-- TASK BRIEF --
Each line below containing the word "image" needs to be shown.

-- DATA SHOWN --
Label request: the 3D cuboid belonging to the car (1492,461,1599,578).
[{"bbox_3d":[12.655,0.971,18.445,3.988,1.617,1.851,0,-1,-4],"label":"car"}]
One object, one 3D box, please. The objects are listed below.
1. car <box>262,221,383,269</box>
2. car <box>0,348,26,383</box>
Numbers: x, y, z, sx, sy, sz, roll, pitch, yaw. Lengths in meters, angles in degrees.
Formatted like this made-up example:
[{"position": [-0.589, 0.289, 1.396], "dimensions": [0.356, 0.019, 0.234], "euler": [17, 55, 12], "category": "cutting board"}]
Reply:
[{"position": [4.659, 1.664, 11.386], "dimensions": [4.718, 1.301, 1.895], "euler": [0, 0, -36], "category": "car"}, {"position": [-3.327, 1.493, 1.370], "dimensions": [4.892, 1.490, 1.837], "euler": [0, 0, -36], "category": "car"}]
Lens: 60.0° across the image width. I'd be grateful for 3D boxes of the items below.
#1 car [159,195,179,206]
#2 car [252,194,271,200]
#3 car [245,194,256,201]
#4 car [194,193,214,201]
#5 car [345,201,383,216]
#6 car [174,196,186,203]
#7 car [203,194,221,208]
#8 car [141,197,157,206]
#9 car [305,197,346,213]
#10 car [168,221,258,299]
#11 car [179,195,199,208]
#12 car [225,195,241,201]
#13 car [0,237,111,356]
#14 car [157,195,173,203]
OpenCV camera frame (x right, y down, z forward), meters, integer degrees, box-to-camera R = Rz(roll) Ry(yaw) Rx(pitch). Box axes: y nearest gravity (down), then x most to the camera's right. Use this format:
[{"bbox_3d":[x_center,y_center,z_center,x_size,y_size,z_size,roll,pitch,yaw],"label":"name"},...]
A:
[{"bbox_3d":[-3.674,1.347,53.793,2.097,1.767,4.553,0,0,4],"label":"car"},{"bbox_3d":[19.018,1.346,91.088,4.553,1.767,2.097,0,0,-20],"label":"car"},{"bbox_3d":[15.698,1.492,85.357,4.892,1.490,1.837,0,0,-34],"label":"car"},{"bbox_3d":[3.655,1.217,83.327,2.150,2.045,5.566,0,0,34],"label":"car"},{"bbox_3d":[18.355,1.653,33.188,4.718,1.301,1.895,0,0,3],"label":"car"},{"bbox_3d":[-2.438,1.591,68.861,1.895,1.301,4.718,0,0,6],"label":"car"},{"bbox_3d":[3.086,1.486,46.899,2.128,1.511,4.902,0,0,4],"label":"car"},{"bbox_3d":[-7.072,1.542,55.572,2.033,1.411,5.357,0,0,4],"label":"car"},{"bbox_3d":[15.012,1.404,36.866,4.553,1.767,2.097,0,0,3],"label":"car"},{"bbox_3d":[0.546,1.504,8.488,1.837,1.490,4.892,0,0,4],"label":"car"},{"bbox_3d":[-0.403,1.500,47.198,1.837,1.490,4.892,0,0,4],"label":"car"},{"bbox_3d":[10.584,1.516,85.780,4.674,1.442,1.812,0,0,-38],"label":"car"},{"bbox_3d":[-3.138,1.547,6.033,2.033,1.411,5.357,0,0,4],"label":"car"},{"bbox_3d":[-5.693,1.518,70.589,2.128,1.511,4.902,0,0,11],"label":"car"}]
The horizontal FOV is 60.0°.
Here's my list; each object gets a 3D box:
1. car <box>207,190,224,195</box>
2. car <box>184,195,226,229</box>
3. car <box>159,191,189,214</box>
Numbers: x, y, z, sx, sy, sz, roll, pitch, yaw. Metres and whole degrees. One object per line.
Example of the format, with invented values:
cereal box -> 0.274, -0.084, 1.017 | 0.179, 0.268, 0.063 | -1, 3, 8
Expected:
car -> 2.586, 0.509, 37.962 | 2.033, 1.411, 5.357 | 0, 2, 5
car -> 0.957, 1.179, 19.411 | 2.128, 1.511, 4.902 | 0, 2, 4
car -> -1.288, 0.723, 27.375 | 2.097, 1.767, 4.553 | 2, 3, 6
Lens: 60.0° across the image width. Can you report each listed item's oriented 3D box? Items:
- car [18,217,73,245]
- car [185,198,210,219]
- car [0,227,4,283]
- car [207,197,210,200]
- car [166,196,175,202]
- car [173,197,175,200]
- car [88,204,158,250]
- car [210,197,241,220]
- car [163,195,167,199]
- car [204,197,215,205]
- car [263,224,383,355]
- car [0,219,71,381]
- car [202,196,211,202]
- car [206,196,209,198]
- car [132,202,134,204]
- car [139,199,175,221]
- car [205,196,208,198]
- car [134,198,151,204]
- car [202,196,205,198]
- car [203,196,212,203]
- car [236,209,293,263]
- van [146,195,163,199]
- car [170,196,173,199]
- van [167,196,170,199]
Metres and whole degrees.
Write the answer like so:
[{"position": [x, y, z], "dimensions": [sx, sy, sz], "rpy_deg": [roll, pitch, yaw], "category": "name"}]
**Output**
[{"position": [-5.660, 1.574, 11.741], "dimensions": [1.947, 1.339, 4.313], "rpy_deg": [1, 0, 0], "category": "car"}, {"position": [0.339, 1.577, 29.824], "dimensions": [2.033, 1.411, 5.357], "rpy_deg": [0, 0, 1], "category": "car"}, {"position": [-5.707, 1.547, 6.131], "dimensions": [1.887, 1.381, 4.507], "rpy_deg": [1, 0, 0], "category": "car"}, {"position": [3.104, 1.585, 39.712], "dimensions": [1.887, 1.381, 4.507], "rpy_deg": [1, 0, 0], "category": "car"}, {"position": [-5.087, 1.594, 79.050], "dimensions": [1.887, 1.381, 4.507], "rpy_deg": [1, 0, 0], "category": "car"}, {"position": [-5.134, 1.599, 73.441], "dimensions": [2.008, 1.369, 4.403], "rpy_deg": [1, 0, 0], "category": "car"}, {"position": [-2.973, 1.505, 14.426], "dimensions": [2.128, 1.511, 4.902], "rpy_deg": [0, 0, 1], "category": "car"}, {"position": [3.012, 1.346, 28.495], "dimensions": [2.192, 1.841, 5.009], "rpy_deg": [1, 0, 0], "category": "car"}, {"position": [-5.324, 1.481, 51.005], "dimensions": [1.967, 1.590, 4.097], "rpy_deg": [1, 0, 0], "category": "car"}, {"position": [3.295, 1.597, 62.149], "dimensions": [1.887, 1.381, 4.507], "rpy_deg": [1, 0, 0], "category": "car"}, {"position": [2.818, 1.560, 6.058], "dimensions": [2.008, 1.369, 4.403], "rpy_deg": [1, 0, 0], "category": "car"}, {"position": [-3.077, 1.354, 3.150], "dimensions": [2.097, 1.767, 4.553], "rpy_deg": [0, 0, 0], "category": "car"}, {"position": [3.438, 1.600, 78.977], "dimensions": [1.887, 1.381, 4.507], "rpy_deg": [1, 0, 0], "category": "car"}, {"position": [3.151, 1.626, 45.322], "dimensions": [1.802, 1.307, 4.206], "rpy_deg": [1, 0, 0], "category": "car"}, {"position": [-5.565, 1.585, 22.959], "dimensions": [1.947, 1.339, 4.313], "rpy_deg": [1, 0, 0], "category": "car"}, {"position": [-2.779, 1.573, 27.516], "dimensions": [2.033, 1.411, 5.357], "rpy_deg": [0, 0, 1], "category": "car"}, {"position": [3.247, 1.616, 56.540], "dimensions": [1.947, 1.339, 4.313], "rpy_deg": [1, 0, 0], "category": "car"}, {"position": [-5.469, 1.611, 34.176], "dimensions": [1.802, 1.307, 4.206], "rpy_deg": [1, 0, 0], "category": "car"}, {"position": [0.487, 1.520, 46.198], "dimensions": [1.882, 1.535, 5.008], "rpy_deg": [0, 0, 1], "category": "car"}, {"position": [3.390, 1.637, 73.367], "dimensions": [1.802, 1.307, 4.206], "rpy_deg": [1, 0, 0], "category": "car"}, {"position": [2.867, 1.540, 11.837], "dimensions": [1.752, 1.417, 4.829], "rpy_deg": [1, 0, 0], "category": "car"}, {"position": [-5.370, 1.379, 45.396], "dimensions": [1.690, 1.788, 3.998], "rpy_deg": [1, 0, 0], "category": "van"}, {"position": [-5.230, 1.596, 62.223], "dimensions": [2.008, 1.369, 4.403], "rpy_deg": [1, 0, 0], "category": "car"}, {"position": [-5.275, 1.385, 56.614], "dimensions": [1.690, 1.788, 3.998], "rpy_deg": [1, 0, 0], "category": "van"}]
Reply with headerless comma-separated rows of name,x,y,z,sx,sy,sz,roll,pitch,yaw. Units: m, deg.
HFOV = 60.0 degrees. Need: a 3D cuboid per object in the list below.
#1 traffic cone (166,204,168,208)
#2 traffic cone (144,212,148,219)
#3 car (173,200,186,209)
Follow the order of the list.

-- THE ANSWER --
Lens: 60.0° across the image width. I'd be grateful for 3D boxes of the items below.
Lens: 60.0° across the image width. Can you report each listed item's oriented 3D box? Items:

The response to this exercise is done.